I am pretty certain that with my family history, one day I will find myself lying on the treatment table awaiting my radiation, nervous despite my years of experience on the giving and not the receiving end of this specialty.  If my therapist smiles and says, “Relax, go to your happy place—this will be over in just a few minutes”, I will know exactly where to spend the next 15 minutes, among the zebra and the wildebeest kneeling beside the crater lake, the song of a thousand flamingos softly taking wing ringing in my ear.
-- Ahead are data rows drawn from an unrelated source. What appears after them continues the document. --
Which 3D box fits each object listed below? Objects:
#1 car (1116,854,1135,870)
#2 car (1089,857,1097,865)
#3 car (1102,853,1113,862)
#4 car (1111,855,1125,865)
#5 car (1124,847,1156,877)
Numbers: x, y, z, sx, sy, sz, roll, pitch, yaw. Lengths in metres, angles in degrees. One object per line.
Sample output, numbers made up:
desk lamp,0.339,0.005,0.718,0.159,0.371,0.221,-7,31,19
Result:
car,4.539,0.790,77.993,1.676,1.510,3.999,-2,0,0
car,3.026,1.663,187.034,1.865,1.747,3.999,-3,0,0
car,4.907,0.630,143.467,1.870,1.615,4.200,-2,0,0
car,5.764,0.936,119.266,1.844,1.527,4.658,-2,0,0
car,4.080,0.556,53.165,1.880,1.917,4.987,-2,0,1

And if that fails me, there is still a shiny red Corvette to drive home.  Happy places, indeed.

No I Could Not Write a Book

Since I’ve been writing this blog, quite a few people have said to me, “You should write a book!”  Let me be clear in my self-assessment—first of all, I don’t have the attention span these days to write a book.  A novel has a plot, well developed characters, a beginning, a middle and an ending.  I’m not sure but I have a feeling that most good fiction writers have a clear idea of the story they want to tell before they start writing.  “But wait”, you say. “You should write a nonfictional account of your work—a true cancer doctor story.” This territory has been covered, most famously by Jerome Groopman who wrote The Measure of our Days, which became the inspiration for the television show Gideon’s Crossing.  How about a history of cancer itself?  Again, already taken in the most definitive way imaginable—I give you The Emperor of All Maladies by Siddhartha Mukherjee.  Of course, the books that scare me the most are the ones by cancer doctors who actually GET cancer and there are several of those out there too—consider I Signed as a Doctor by Laura Liberman whose title refers to the fact that when she had to sign consent for her own cancer treatment, she signed on the wrong line—the doctor’s space.  Call me superstitious but I don’t want to tempt fate.

Why do so many physicians feel compelled to write?  Ethan Canin (Carry Me Across the Water, America America) graduated from Harvard Medical School and actually practiced medicine for several years until the publication of his third novel allowed him to write full time.  He now teaches on the faculty of the Iowa Writer’s Workshop, and has been quoted as saying that “everyone has an expressive urge, but it’s particularly pronounced among those who practice medicine.”  He goes on to say, “It’s like being a soldier—you’ve seen great and terrible things.”  I don’t think being a doctor is like being a soldier because our lives are not typically in danger (although ER doctors in inner city hospitals might argue that point!)  I think of it more as a compulsion to “bear witness,” Ancient Mariner-style.  We spend much of our days writing down histories, and many of those histories give a small glimpse into the essence of what makes us human, and what gives us courage and hope.  There is nothing like a serious illness to separate the wheat from the chaff of life.

I was an English major in college, and though I will never be a John Keats or a William Carlos Williams-two of my physician-poet idols, I will never regret the time I spent reading their works, or the great works of Shakespeare and Milton and Hemingway and all the others. I may have been a bit behind in the basic sciences but that path of study gave me the tools to actually listen to my patients, to interpret what they are saying, and in turn, to be able to write down their stories.  I don’t have a major new novel swirling around in the back of my head, so for now I’ll just continue with these little vignettes.  And I would really appreciate it if my friends and readers would send me some of their own stories.  Who knows—there might be a blockbuster movie in there somewhere.  If not, there’s always law school!